Unit 4.13 MERGING FILES

PROG

Merge the files u413a.txt and u413b.txt
Both are assumed to be in sorted order on input
The output file, u413.out, will also be sorted

PED

To learn how to merge files

To prepare us for the Master-File update problem

DO LOOP INVARIANT

number1 contains the current number from u413a -- first file
number2 contains the current number from u413b -- second file
all numbers before number1 from first file are already put in output file
all numbers before number2 from second file are already put in output file
output file is sorted
all the numbers in the output file are less than the current number from first
file
all the numbers in the output file are less than the current number from
second file


This problem introduces us to an important algorithm in business data processing, merging two files. We merge two files when both input files are sorted and we want an output file that is also sorted. Imagine, that you have two companies, each with an alphabetic list of customers. Both companies merge. We would want a single list of customers--also in alphabeticalorder. We say we merge the two lists of customers. The same thing happens in computers all the time.

A similar problem is the master file update problem which will be discussed in yuour homework. There is a big file containing all the customers and their current balance. This file is kept sorted. Each month, we type in a file containing all the new transactions, payments and new orders. This file is sorted with a sort utility. The system outputs a new file containing all the
new balances for each customer. It is also sorted. We can use this new file after the next month's transactions. This is a very common way to handle batch updates in commercial business data processing systems such as banks, utilities, etc. (The other option would be a situation where one can enter the customers and update the information on-line as would be done with an Automatic Teller Machine. This requires arrays or an indexed random-access file. Arrays will be covered in the next section. Random-access files are beyond the scope of this course.)

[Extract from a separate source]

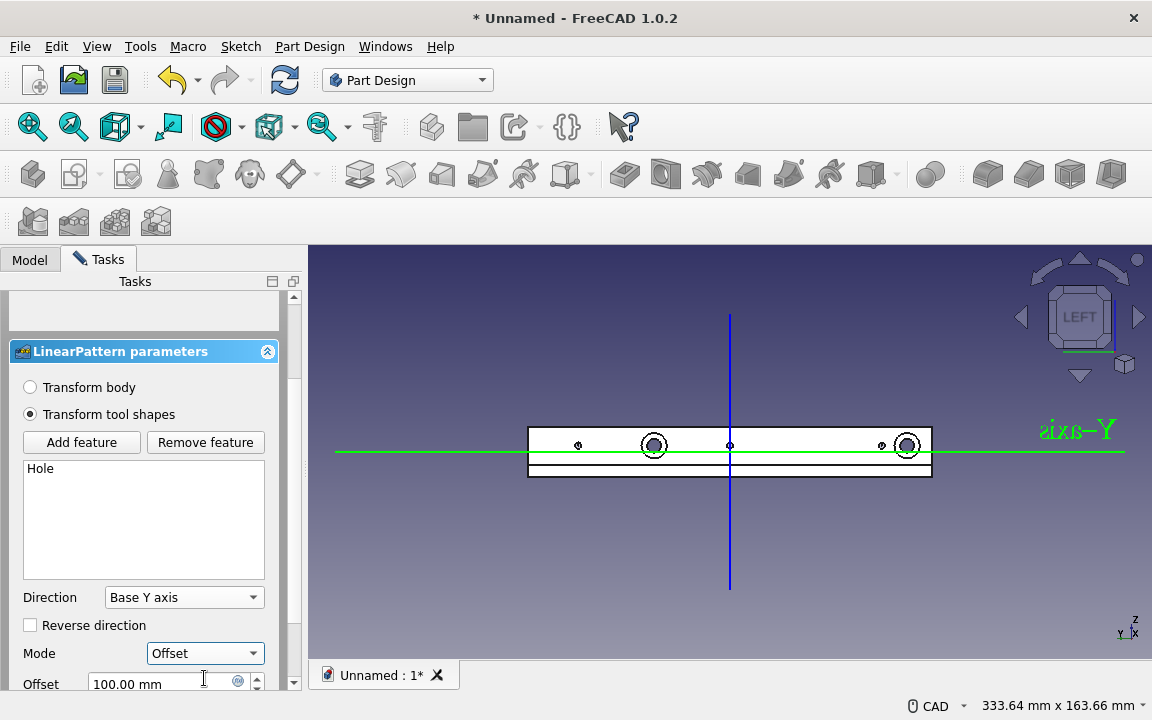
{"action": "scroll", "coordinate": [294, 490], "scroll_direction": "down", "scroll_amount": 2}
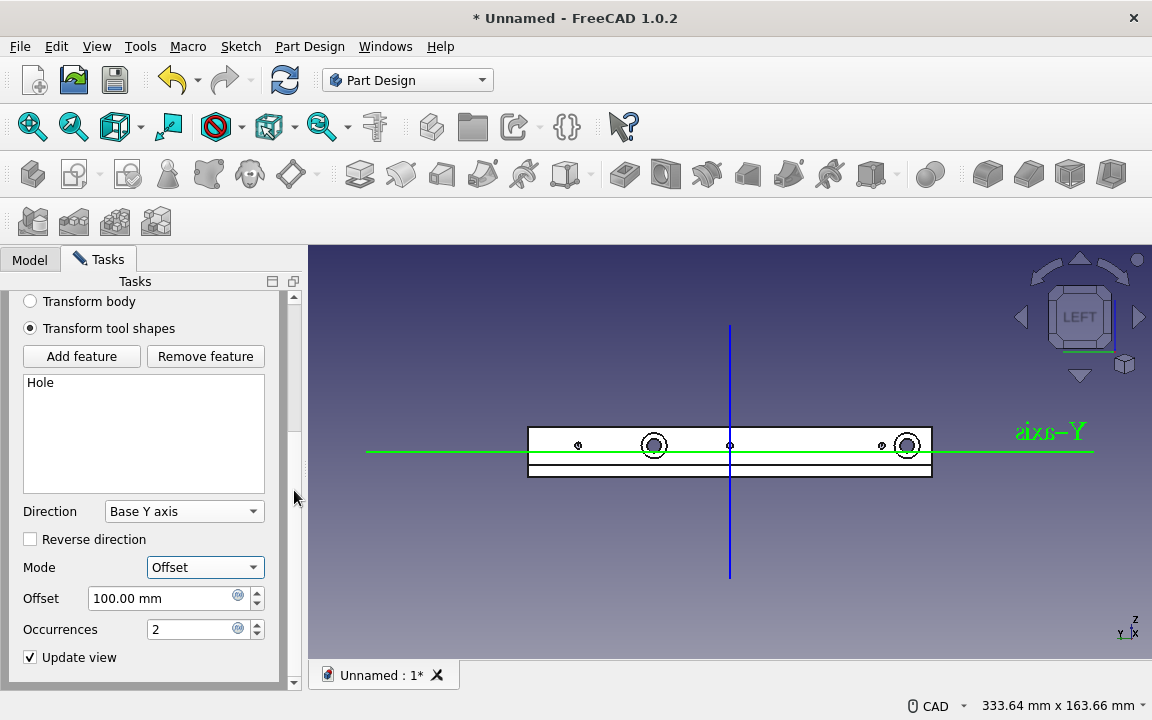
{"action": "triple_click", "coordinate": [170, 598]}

The fundamental idea of this program is that each time through the loop we add a single number to the output file each time. The number we add should obey the do loop invariant. We also have the next number to be added from file1 in number1. And, likewise, we have the next number to be
added from file2 in number2. If the number to be added is from file1, we read in a new value for number1. If we decide to add the next number from file2, then we must read a new value for number2 from file2.

Thus, our first refinement is:


read in first number from file1
read in first number from file2
while(more numbers to process) do begin
  add the appropriate number from file1 or file2 to the output file
  writeln;
end;

We expand this a little bit:


read in first number from file1
read in first number from file2
while(more numbers to process) do begin
  if number for file1 is smaller then number for file2
    add the number from file1 to output file
    read in next number from file1
  end
  else
  if number for file2 is smaller than number for file1
    add the number from file2 to output file
    read in next number file2
  end;
  writeln;
end;

There's only one special case--when we finish either file1 or file2. If we have read in all the numbers from file1 and put them in the output, then we have to copy the remainder of file2 to file1. Likewise, if we read in all the numbers from file2 and put them in the output, then we have to copy of the remaidnerof file1 to file2.

Let's look at our do loop invariant.

number1 contains the current number from u413a -- first file
number2 contains the current number from u413b -- second file
all numbers before number1 from first file are already put in output file
all numbers before number2 from second file are already put in output file
output file is sorted
all the numbers in the output file are less than the current number from first
file
all the numbers in the output file are less than the current number from
second file

Check 1: that the do loop invariant and the condition being true implies that executing the statements leaves the do loop invariant true

There are two major possibilities to consider. The first is that number1 < number2. From the do loop invariant, we know that all the numbers that came from file1 that were less than this number are also in the file. Since, number1 is less than number2, we know that all the numbers in the output file are also less than number2. So if we add number1 to the output file, then all the numbers in the output file will still be less than number2. When we read the next number from file1, the fact that file1 is sorted implies that the next number read in will be greater than the old value. Thus, it will now be true that all numbers in the output file are both less than number1 and less than number2. Since the file was sorted prior to adding number1 and that number was larger than all the other numbers in the output file--the file will remain sorted. If we executed the other branch of the if, then the same sort of argument would apply.

Check 2: that the do loop invariant and the condition not being true implies the POSTCONDITION for the loop

If the condition is not true, that means that both number1 and number2 were -1 the sentinel value. The loop invariant says that all the numbers from file1 before the -1 sentinel are in the output file. Likewise, all the numbers from file2 are before the -1 sentinel in number2. Also, the file is sorted--so the output file is a sorted merge of the two outputs.

Check 3: that the do loop invariant is initially true. We did that by reading in NUMBER but not including that value in the SUM.

There is nothing in the output file and the first number from file1 is in number1 adn the first number from file2 is in number2.

Check 4: that executing the statements once makes progress towards the goal. Since each read statement removes a number from the file and advances us toward the end of what must be a finite set, then the statement makes progress.

We move one number from either file in each time through the loop.